Why do we care here? Because the balls of an ultrametric are cosets. Every number inside a 2-adic ball of radius \(2^{-k}\) is within \(2^{-k}\) of every other number in that ball — which means all their pairwise differences are divisible by \(2^k\) — which means they all belong to the same residue class modulo \(2^k\). That’s a coset of the subgroup of multiples of \(2^k\). The same is true for XOR: every ball is a coset of the subgroup of numbers sharing the same leading \(k\) bits.

So the colors in the picture below are cosets. Each color = one coset of some subgroup. The two panels show the two completely different coset structures that the two metrics induce on the same 16 numbers.

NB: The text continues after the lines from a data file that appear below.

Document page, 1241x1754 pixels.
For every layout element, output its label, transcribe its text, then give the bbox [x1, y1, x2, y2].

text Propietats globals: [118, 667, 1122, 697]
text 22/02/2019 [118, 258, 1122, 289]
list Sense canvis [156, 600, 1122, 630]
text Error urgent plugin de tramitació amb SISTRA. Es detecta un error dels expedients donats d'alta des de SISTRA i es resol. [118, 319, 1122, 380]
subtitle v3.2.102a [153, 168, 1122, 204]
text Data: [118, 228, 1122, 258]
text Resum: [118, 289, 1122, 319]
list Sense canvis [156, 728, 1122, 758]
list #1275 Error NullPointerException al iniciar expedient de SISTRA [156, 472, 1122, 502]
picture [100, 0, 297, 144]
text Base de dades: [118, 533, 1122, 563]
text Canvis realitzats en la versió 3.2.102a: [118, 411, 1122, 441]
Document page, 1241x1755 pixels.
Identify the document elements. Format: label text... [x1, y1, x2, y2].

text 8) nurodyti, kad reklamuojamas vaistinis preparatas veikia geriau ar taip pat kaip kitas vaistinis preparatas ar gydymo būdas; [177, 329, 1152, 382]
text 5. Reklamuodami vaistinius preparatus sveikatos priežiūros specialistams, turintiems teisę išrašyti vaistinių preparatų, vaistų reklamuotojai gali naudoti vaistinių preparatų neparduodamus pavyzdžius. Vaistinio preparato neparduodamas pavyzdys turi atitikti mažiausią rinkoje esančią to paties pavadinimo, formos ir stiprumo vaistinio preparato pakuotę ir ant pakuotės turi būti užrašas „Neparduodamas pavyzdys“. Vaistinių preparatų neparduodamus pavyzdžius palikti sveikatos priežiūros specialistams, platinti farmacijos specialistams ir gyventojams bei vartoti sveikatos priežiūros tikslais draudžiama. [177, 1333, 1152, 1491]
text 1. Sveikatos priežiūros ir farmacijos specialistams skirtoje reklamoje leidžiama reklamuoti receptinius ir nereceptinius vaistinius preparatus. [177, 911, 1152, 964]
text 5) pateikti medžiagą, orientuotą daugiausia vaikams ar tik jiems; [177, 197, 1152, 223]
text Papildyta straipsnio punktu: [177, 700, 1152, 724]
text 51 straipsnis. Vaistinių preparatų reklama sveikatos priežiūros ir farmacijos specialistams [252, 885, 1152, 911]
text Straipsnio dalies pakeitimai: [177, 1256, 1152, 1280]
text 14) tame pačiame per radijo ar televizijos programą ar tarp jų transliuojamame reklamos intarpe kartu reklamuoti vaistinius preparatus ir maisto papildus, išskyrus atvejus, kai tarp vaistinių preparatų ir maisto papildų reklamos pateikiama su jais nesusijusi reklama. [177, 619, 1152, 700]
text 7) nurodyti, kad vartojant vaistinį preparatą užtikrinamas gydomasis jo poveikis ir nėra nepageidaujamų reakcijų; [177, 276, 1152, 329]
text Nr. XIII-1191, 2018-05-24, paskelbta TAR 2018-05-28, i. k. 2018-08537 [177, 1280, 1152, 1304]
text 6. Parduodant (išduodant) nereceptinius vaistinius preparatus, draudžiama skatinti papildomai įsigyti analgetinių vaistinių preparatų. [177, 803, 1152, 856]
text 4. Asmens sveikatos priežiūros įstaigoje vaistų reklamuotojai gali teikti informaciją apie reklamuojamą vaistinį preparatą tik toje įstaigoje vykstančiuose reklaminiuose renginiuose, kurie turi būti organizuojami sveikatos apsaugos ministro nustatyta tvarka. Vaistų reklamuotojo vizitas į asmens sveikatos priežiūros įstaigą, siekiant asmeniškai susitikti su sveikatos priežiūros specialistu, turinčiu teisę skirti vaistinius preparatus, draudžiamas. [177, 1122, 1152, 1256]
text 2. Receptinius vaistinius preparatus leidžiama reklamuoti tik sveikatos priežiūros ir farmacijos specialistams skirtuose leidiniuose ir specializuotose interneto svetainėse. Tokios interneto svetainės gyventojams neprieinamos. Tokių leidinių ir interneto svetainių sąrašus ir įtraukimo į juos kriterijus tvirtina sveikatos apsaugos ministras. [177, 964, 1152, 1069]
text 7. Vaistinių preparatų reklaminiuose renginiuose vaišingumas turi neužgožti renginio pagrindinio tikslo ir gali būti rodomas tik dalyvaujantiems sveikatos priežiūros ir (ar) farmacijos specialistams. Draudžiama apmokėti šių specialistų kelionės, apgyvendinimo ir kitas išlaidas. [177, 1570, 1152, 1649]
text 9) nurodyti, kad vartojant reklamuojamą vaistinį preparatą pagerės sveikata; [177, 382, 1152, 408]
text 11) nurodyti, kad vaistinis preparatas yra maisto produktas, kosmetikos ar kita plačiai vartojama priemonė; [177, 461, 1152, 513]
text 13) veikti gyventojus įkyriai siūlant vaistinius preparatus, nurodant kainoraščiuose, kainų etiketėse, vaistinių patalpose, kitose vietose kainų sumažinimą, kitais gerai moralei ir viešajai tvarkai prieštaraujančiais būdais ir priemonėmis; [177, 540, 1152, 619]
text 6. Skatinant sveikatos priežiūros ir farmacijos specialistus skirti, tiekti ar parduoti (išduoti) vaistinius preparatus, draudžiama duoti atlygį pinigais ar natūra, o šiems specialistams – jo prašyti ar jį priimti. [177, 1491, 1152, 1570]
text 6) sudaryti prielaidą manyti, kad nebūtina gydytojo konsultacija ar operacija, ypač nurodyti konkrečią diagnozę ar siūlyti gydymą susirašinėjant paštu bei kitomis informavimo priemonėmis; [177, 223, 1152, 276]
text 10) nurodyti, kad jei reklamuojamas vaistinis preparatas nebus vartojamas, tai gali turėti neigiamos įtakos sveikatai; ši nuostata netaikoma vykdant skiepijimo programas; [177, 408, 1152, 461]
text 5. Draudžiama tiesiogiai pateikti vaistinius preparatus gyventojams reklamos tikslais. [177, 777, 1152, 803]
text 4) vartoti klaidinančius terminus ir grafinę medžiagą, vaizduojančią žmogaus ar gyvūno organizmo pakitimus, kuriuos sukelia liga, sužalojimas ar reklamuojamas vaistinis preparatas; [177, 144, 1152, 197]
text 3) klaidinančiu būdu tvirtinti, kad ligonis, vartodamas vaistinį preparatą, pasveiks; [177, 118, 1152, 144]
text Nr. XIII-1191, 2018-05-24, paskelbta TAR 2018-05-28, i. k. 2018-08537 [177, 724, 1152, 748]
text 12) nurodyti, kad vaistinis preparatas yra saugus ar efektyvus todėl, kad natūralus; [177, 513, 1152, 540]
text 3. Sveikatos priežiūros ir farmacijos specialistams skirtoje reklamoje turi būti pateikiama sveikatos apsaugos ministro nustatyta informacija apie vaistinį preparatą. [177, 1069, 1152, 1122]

Let’s start by looking at the XOR panel first. It’s now obvious that the table’s rows form solid blocks: 0–3 share one color, 4–7 another, 8–11 another, and lastly, 12–15 another. They represent contiguous blocks. All numbers that share their leading bits land together, and the blocks tile the number line without gaps or interleaving.

Now look at the 2-adic panel. The colors alternate: 0 and 1 are different shades, 2 and 3 are different, and the pattern keeps splitting as we move to the right. We immediately notice that even and odd numbers belong to different groups. But what’s peculiar is that then within the evens, multiples of 4 and non-multiples split again. Then multiples of 8 split off. The groups aren’t contiguous ranges — they’re scattered across the number line in a fractal, self-similar pattern. Who ordered that?

In the picture you might notice the legend saying things like \(n \equiv 2 \pmod{4}\). That’s because two numbers share \(k\) trailing bits in binary if and only if their difference is divisible by \(2^k\) — which is just \(x \equiv y \pmod{2^k}\). “Sharing trailing bits” and “being congruent modulo a power of 2” are cast in the same mould. So, looking at \(n \equiv 2 \pmod{2^2}\) picks out numbers whose last two bits are 10: that’s 2, 6, 10, 14. Because we are measuring their distance from 0, we look at how many trailing bits they share with 0000 — which happens to be exactly their number of trailing zeros. They each have exactly one trailing zero, so their 2-adic distance from 0 is \(2^{-1} = 0.5\).

Here’s one last cool part. The same 16 numbers encode two completely alien notions of “neighborhood.” 1000 (= 8) is the most extreme example: it is tied for farthest from 0000 under XOR (left-to-right, MSB first), but is the uniquely closest number under 2-adic (right-to-left, LSB first) in this 4-bit universe. One can formally prove the connection, but I’m gonna leave that as an exercise to the reader.

Anyway, isn’t this beautiful? I hope from now on you’ll always be thinking about trailing bits whenever you deal with a modulo!